§ Exercise details
Your answer should consist of the lines in the following data that contain "amount".

§ Supplied records
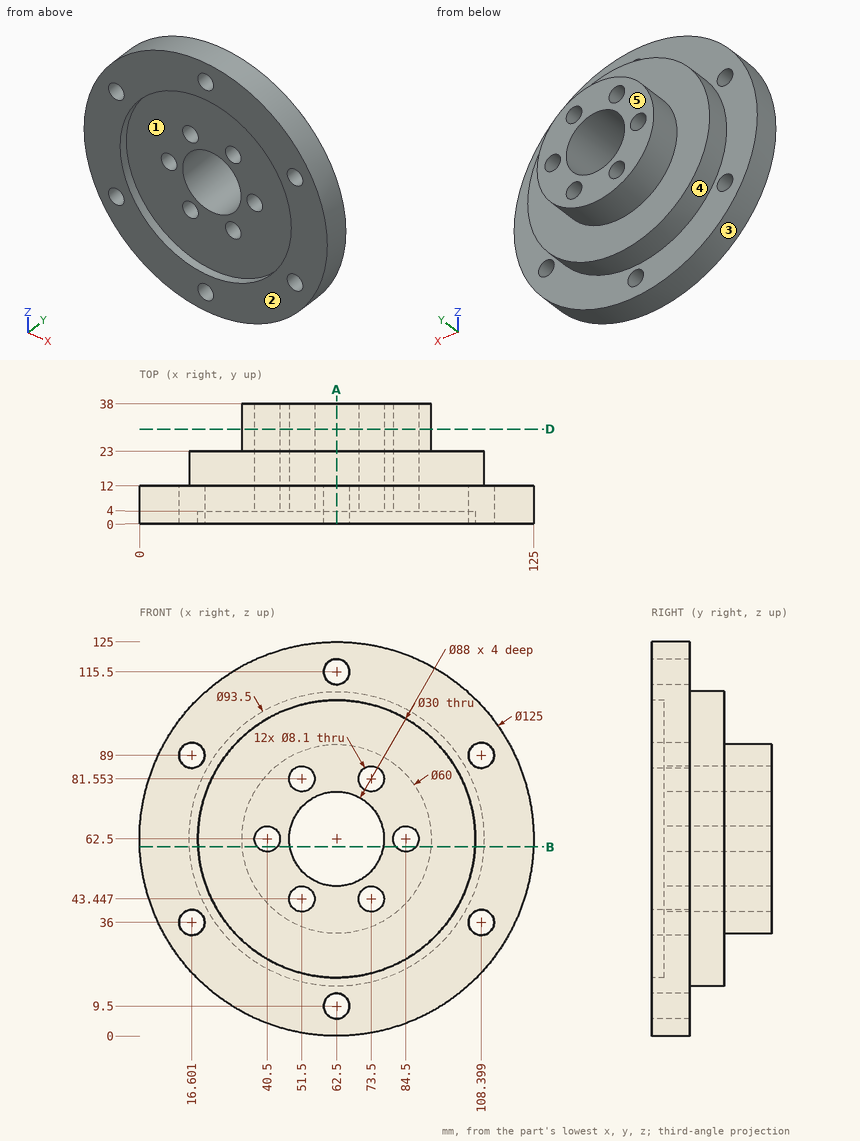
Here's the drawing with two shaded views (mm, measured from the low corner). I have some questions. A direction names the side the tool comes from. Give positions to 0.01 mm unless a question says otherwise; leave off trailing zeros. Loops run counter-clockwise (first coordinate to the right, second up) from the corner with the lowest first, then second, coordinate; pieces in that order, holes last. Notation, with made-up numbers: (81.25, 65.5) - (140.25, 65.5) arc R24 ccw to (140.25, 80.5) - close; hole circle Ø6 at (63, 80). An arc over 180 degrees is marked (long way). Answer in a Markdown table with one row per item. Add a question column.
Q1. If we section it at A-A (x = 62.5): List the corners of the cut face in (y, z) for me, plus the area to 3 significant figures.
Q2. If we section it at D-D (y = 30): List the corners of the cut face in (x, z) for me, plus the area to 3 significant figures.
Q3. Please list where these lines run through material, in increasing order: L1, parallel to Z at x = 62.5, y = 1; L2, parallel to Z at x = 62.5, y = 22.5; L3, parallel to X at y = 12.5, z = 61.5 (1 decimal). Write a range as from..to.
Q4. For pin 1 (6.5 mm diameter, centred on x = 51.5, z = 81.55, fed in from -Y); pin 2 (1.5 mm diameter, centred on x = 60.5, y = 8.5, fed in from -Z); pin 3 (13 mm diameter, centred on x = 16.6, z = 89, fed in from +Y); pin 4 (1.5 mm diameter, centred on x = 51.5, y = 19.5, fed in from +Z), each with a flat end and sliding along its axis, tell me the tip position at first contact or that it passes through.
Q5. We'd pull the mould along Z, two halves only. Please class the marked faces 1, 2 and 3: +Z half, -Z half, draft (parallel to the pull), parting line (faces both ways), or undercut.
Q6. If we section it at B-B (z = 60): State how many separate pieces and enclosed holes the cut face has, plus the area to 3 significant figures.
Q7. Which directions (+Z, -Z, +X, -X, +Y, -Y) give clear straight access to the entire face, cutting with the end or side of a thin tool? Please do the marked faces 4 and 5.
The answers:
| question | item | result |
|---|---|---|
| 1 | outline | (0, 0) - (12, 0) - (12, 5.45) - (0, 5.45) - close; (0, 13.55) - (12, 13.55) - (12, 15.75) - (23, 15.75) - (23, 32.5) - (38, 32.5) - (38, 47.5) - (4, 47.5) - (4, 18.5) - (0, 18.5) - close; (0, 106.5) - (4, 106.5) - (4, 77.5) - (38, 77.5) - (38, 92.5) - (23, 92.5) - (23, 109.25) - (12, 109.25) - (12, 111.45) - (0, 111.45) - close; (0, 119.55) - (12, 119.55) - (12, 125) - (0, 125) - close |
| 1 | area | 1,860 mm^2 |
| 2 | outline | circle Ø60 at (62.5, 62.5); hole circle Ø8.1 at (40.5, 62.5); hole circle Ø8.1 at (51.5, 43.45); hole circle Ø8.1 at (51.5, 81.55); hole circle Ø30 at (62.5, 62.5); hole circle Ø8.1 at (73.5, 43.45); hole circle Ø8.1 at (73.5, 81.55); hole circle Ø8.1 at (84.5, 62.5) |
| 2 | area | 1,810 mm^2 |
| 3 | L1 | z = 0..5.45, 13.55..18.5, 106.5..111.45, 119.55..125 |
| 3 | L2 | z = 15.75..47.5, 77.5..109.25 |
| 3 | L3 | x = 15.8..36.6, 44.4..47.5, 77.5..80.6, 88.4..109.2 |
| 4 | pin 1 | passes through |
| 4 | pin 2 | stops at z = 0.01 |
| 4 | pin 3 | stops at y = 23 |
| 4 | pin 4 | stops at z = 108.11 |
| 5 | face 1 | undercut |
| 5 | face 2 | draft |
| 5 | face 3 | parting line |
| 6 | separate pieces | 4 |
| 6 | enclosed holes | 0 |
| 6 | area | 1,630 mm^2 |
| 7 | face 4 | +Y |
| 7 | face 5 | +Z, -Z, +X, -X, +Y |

--

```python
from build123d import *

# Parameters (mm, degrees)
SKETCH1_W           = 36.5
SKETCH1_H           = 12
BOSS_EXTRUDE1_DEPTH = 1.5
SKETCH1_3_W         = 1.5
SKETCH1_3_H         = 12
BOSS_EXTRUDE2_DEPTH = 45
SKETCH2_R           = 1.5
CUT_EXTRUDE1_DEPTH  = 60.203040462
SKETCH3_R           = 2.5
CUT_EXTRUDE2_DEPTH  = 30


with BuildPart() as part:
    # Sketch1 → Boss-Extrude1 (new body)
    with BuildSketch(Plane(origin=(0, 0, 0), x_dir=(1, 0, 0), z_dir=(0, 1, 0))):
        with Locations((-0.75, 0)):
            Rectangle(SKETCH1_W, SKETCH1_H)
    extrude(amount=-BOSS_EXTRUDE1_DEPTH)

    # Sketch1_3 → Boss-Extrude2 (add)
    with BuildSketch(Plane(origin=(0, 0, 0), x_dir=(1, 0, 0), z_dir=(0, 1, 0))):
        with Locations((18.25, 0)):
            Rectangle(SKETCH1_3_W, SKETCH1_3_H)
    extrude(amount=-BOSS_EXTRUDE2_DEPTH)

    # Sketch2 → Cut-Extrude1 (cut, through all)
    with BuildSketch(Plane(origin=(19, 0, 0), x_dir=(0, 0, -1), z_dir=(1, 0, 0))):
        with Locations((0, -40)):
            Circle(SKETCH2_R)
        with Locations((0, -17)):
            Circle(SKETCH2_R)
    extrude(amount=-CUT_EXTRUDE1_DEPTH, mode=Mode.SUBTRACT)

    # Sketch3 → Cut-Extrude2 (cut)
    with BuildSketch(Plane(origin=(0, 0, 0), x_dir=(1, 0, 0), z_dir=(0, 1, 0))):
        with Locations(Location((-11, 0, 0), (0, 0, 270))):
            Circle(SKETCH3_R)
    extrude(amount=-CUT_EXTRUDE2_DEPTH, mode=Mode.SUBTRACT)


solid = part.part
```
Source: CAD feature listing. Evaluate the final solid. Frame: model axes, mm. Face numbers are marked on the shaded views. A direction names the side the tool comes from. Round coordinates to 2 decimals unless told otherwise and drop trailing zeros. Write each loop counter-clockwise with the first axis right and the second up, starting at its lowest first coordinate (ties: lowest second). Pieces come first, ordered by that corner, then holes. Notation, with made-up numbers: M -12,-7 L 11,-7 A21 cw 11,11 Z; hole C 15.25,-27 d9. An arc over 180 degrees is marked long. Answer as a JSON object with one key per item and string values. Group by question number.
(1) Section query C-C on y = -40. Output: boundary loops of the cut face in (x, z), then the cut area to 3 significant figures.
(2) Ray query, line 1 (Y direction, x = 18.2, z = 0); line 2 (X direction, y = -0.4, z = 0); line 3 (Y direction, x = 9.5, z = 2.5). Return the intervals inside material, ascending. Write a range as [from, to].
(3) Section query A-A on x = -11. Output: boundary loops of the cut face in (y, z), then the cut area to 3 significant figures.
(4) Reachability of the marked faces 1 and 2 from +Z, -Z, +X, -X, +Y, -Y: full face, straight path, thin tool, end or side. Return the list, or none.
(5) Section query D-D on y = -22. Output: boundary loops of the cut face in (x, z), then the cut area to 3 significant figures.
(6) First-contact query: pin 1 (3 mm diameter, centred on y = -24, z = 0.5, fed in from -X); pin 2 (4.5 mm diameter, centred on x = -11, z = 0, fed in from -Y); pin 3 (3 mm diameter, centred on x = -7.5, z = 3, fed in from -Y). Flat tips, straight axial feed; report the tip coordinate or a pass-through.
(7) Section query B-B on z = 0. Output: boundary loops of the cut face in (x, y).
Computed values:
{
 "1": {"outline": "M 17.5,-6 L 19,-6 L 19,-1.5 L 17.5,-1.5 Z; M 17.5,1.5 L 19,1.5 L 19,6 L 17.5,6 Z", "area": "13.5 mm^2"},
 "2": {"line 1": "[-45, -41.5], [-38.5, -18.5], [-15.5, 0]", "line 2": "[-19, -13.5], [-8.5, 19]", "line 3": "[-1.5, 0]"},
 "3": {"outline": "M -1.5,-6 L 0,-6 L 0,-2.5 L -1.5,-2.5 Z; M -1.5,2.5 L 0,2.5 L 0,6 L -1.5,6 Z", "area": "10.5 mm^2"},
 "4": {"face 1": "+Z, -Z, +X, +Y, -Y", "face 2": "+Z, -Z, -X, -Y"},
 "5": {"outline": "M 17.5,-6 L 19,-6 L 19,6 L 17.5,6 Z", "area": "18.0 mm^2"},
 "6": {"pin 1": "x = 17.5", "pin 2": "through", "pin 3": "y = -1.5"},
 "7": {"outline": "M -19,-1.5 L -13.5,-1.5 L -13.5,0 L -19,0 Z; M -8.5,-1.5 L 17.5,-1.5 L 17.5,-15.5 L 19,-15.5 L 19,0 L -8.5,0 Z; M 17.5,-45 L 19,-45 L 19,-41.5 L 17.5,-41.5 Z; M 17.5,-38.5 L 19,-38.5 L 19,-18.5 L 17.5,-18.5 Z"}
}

§ Result of the exercise
    extrude(amount=-BOSS_EXTRUDE1_DEPTH)
    extrude(amount=-BOSS_EXTRUDE2_DEPTH)
    extrude(amount=-CUT_EXTRUDE1_DEPTH, mode=Mode.SUBTRACT)
    extrude(amount=-CUT_EXTRUDE2_DEPTH, mode=Mode.SUBTRACT)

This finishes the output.